作者对MBConv和self-attention中的MPL进行了深度分析,提出了MOAT:
首先,Transformer中的MLP模块类似于MBConv,都采用了倒瓶颈设计。然而,MBConv是一种更强大的操作,通过使用额外的3×3深度卷积(以编码像素之间的局部交互),并且在卷积之间使用更多的激活和归一化。
其次,为了使用Transformer block提取多尺度特征,可以将AvgPool(步长为2)应用于自我关注层之前的输入特征。然而,AvgPool操作降低了self-attention的表征能力。

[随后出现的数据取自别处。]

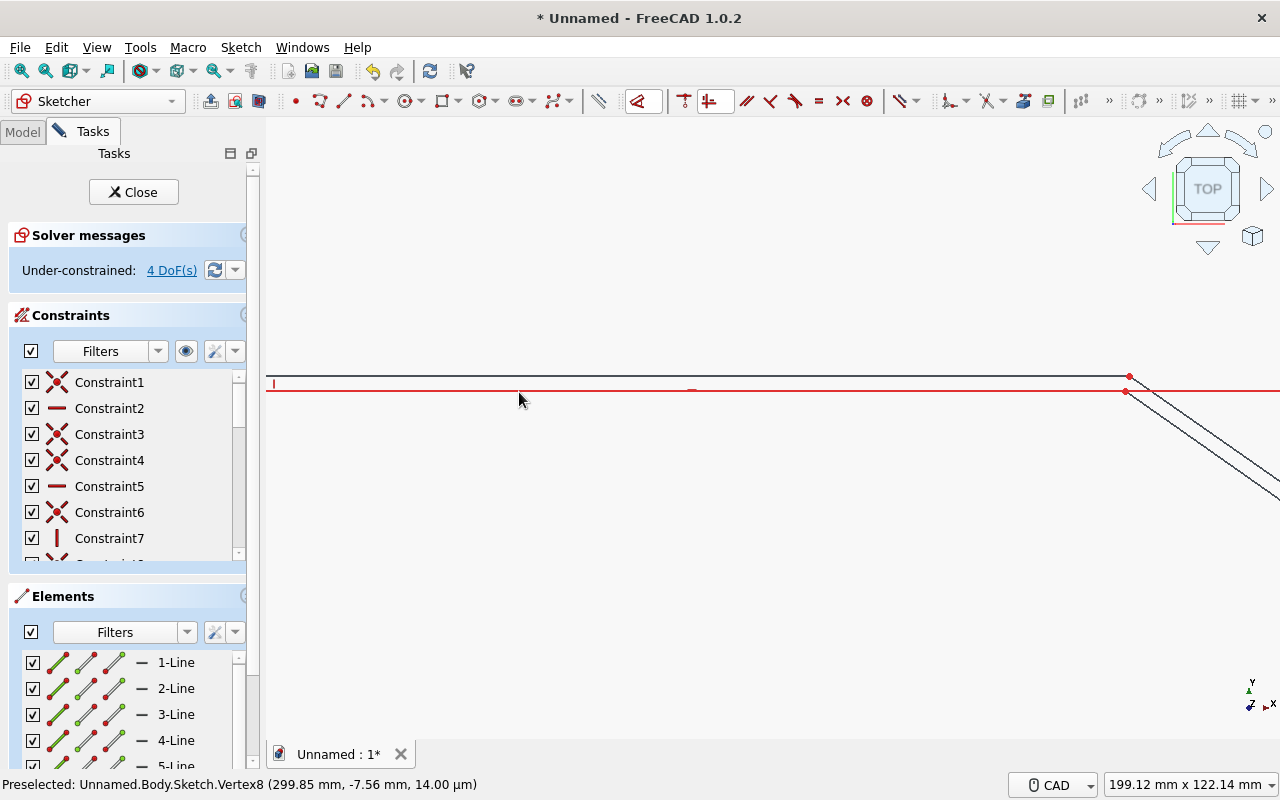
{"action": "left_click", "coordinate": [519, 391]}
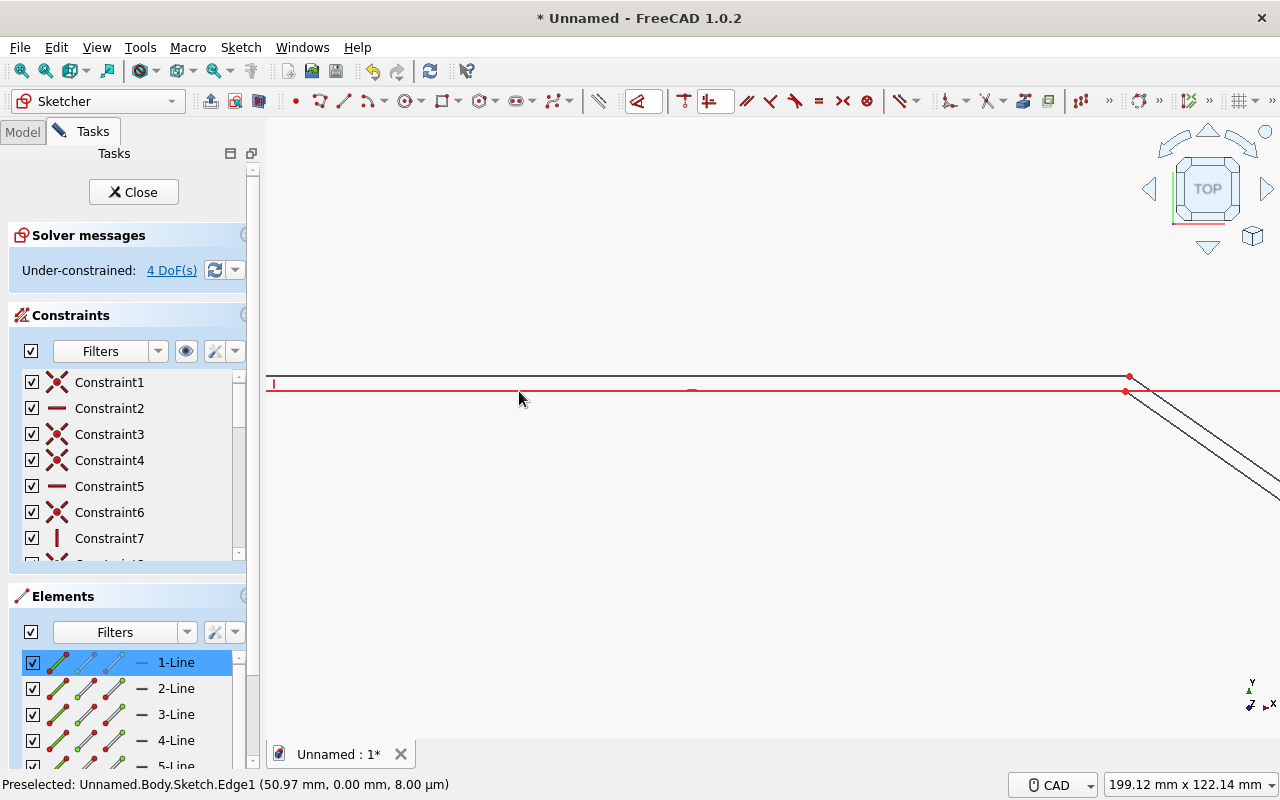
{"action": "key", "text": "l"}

基于上述现象,提出了MOAT block,首先将MLP替换为MBConv,然后颠倒self-attention和MBConv的顺序。用MBConv替换MLP为网络带来了更多的特征表示能力,并且颠倒顺序(MBConv先于self-attention)将下采样任务交给MBConv内的depthwise,从而学习更好的下采样核。通过这种方式,MOAT不需要像 CoAtNet 中的平均池化这样的额外下采样层,也不需要 Swin Transformer和ConvNeXt 中的patch-embedding layers。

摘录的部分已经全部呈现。